DATE: Wed, Apr 25, 2018
TIME: 1 pm
PLACE: SITE 5084
TITLE: On Link Prediction in Knowledge Bases: Max-K Criterion and Prediction Protocols
PRESENTER: Yongyi Mao
University of Ottawa
ABSTRACT:

Building knowledge base embedding models for link prediction has achieved great success. We however argue that the conventional top-$k$ criterion used for evaluating the model performance is inappropriate. This work introduces a new criterion, referred to as max-$k$. Through theoretical analysis and experimental study, we show that the top-$k$ criterion is fundamentally inferior to max-$k$. We also introduce two prediction protocols for the max-$k$ criterion. These protocols are strongly justified theoretically. Various insights concerning the max-$k$ criterion and the two protocols are obtained through extensive experiments. This is a joint work with Jiajie Mei, Richong Zhang and Ting Deng at Beihang University, China. The work has been accepted to SIGIR 2018.

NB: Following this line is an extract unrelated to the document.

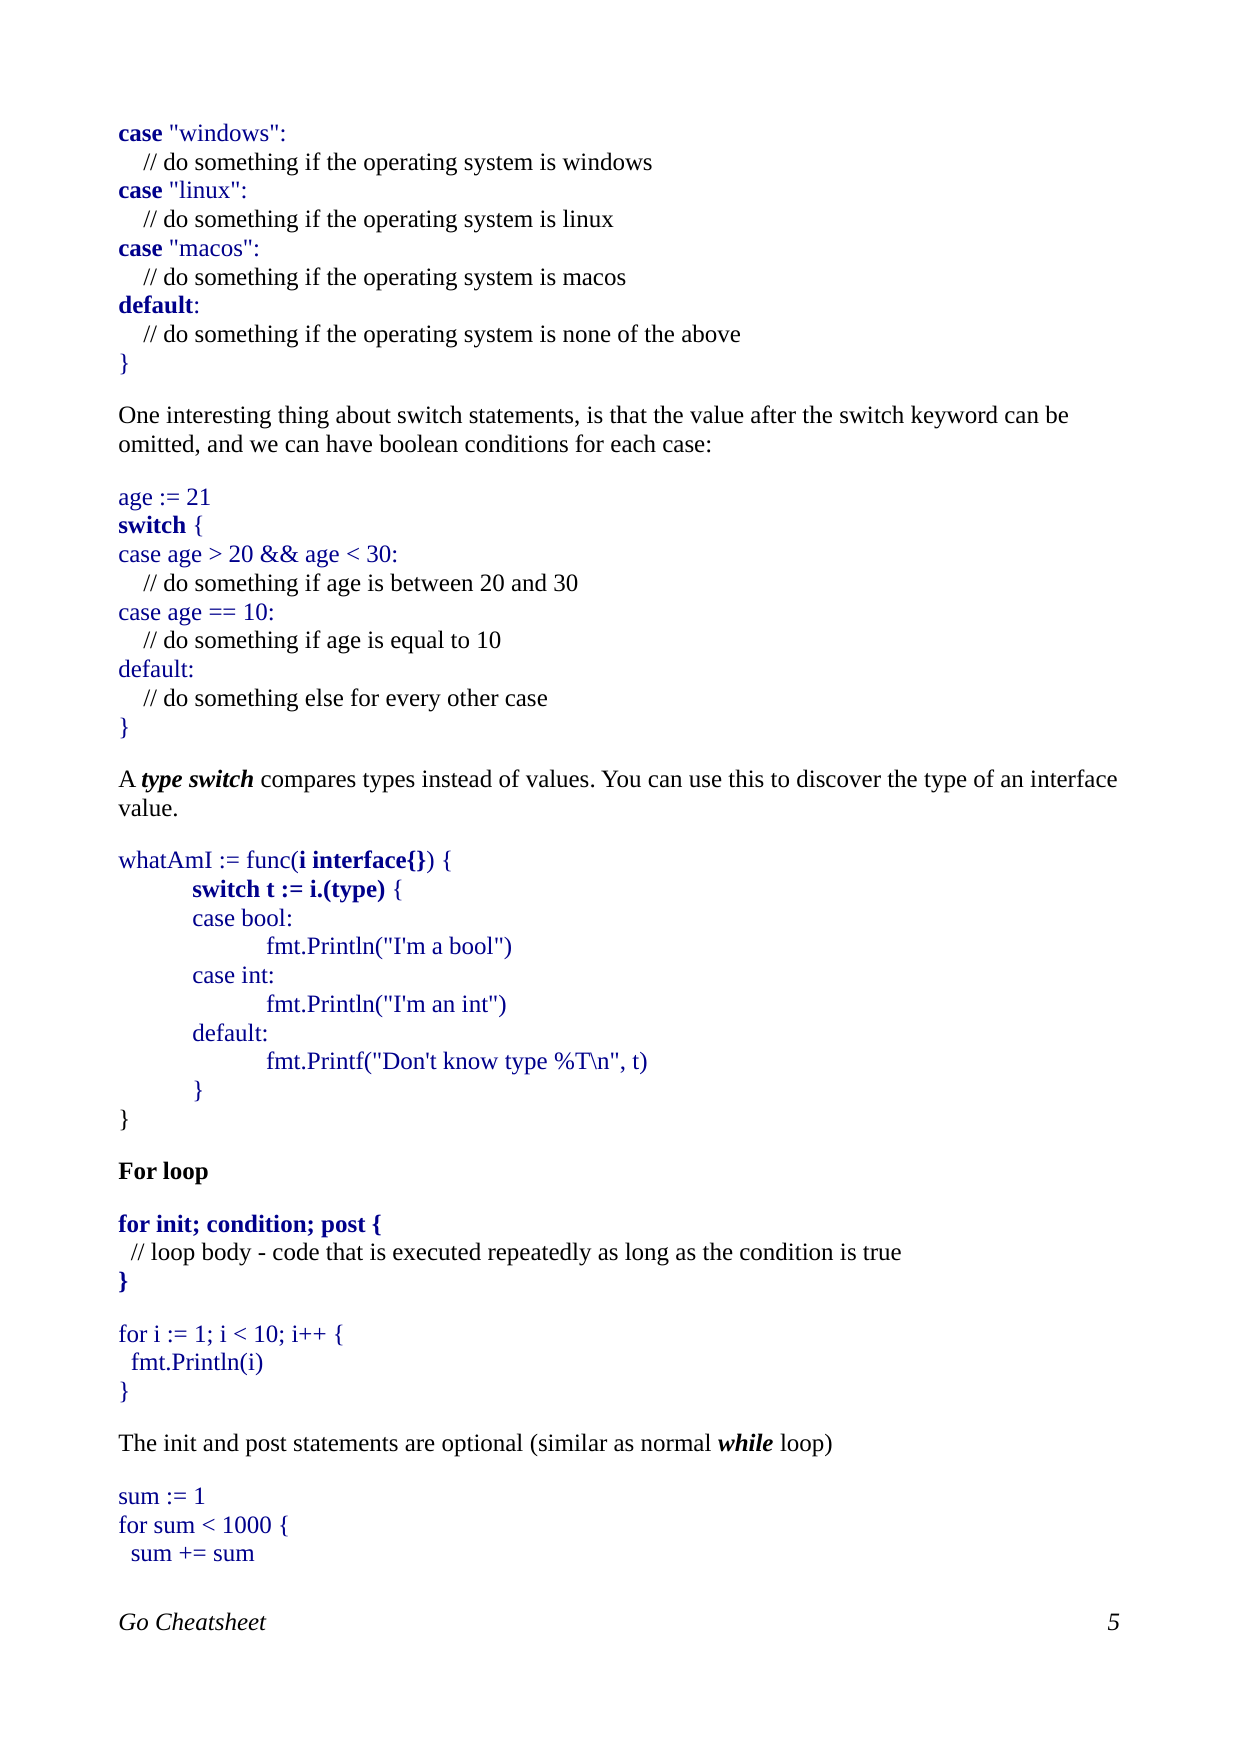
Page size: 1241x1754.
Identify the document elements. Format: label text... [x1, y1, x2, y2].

Bio: Yongyi Mao received his Bachelor of Engineering degree at the Southeast University (Nanjing, China) in 1992. In 1995, he received his medical degree at Nanjing Medical University (Nanjing, China). In 1998, Yongyi Mao obtained his Master of Science degree at the University of Toronto, in the Department of Medical Biophysics . In 2003, he completed his PhD in electrical engineering at the University of Toronto and joined the faculty of School of EECS at the University of Ottawa as an Assistant Professor. He was promoted to Associate Professor in 2008 and then to Full Professor in 2012. Yongyi Mao's research interest at this moment includes machine learning, information theory and their applications in knowledge bases and natural language processing.